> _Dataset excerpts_
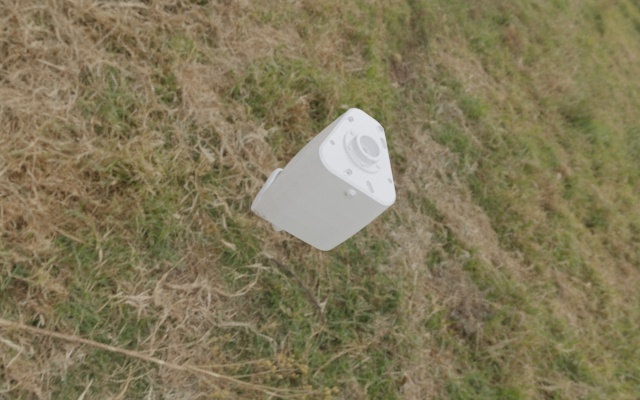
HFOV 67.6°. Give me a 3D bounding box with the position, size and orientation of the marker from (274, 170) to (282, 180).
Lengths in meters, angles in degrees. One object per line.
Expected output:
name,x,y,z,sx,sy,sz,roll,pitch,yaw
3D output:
marker,0.000,0.002,0.558,0.121,0.020,0.020,30,-12,-21

> _Description of the task_
Copy out all the data exactly; skip the pictures.

> _Written reply_
HFOV 67.6°. Give me a 3D bounding box with the position, size and orientation of the marker from (274, 170) to (282, 180).
Lengths in meters, angles in degrees. One object per line.
Expected output:
name,x,y,z,sx,sy,sz,roll,pitch,yaw
3D output:
marker,0.000,0.002,0.558,0.121,0.020,0.020,30,-12,-21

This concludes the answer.